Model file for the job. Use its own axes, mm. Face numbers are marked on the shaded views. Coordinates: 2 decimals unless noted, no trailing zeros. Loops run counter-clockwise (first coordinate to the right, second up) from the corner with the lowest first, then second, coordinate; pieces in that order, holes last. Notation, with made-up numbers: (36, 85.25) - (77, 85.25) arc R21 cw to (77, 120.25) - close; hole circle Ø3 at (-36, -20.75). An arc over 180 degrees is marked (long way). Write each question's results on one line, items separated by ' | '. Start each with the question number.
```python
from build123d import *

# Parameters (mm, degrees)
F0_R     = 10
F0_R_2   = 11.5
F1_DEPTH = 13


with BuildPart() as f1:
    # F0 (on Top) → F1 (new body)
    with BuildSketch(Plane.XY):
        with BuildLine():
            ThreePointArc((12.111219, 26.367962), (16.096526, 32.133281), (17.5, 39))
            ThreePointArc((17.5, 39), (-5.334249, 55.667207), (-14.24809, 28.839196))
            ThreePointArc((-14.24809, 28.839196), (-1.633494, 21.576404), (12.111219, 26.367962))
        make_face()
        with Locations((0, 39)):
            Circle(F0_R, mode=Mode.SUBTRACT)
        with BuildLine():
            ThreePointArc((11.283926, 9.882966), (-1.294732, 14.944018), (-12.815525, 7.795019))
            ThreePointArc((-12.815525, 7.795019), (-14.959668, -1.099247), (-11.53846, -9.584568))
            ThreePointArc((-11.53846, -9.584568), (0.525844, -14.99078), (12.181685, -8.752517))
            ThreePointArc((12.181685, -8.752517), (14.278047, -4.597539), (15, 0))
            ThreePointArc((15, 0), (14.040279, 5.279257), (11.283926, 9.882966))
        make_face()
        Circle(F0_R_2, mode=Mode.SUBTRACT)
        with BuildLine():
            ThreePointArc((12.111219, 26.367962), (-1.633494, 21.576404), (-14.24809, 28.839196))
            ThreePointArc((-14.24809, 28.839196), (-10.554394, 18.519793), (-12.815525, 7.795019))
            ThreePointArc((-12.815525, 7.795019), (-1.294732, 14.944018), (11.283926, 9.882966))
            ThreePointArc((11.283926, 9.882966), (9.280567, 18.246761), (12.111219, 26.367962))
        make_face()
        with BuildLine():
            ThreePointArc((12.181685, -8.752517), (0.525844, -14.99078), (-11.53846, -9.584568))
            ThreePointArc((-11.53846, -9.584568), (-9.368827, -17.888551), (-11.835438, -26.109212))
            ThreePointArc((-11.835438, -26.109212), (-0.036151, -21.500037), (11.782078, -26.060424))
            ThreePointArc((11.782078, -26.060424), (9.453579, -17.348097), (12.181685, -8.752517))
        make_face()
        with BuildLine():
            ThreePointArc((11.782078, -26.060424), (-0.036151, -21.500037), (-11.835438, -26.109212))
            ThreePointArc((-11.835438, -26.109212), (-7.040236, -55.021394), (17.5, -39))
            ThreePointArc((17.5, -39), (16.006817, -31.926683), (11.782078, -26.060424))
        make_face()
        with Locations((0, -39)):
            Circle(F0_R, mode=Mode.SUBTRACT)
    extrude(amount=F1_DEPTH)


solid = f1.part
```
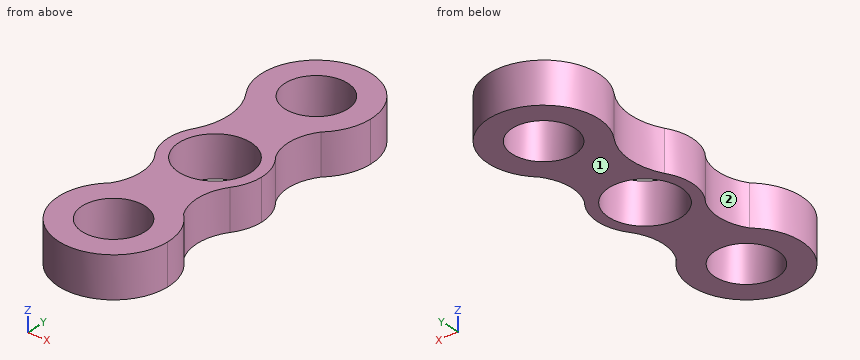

# Assignment
Without including the pictures, reproduce all entries exactly.

# Expected output
Model file for the job. Use its own axes, mm. Face numbers are marked on the shaded views. Coordinates: 2 decimals unless noted, no trailing zeros. Loops run counter-clockwise (first coordinate to the right, second up) from the corner with the lowest first, then second, coordinate; pieces in that order, holes last. Notation, with made-up numbers: (36, 85.25) - (77, 85.25) arc R21 cw to (77, 120.25) - close; hole circle Ø3 at (-36, -20.75). An arc over 180 degrees is marked (long way). Write each question's results on one line, items separated by ' | '. Start each with the question number.
```python
from build123d import *

# Parameters (mm, degrees)
F0_R     = 10
F0_R_2   = 11.5
F1_DEPTH = 13


with BuildPart() as f1:
    # F0 (on Top) → F1 (new body)
    with BuildSketch(Plane.XY):
        with BuildLine():
            ThreePointArc((12.111219, 26.367962), (16.096526, 32.133281), (17.5, 39))
            ThreePointArc((17.5, 39), (-5.334249, 55.667207), (-14.24809, 28.839196))
            ThreePointArc((-14.24809, 28.839196), (-1.633494, 21.576404), (12.111219, 26.367962))
        make_face()
        with Locations((0, 39)):
            Circle(F0_R, mode=Mode.SUBTRACT)
        with BuildLine():
            ThreePointArc((11.283926, 9.882966), (-1.294732, 14.944018), (-12.815525, 7.795019))
            ThreePointArc((-12.815525, 7.795019), (-14.959668, -1.099247), (-11.53846, -9.584568))
            ThreePointArc((-11.53846, -9.584568), (0.525844, -14.99078), (12.181685, -8.752517))
            ThreePointArc((12.181685, -8.752517), (14.278047, -4.597539), (15, 0))
            ThreePointArc((15, 0), (14.040279, 5.279257), (11.283926, 9.882966))
        make_face()
        Circle(F0_R_2, mode=Mode.SUBTRACT)
        with BuildLine():
            ThreePointArc((12.111219, 26.367962), (-1.633494, 21.576404), (-14.24809, 28.839196))
            ThreePointArc((-14.24809, 28.839196), (-10.554394, 18.519793), (-12.815525, 7.795019))
            ThreePointArc((-12.815525, 7.795019), (-1.294732, 14.944018), (11.283926, 9.882966))
            ThreePointArc((11.283926, 9.882966), (9.280567, 18.246761), (12.111219, 26.367962))
        make_face()
        with BuildLine():
            ThreePointArc((12.181685, -8.752517), (0.525844, -14.99078), (-11.53846, -9.584568))
            ThreePointArc((-11.53846, -9.584568), (-9.368827, -17.888551), (-11.835438, -26.109212))
            ThreePointArc((-11.835438, -26.109212), (-0.036151, -21.500037), (11.782078, -26.060424))
            ThreePointArc((11.782078, -26.060424), (9.453579, -17.348097), (12.181685, -8.752517))
        make_face()
        with BuildLine():
            ThreePointArc((11.782078, -26.060424), (-0.036151, -21.500037), (-11.835438, -26.109212))
            ThreePointArc((-11.835438, -26.109212), (-7.040236, -55.021394), (17.5, -39))
            ThreePointArc((17.5, -39), (16.006817, -31.926683), (11.782078, -26.060424))
        make_face()
        with Locations((0, -39)):
            Circle(F0_R, mode=Mode.SUBTRACT)
    extrude(amount=F1_DEPTH)


solid = f1.part
```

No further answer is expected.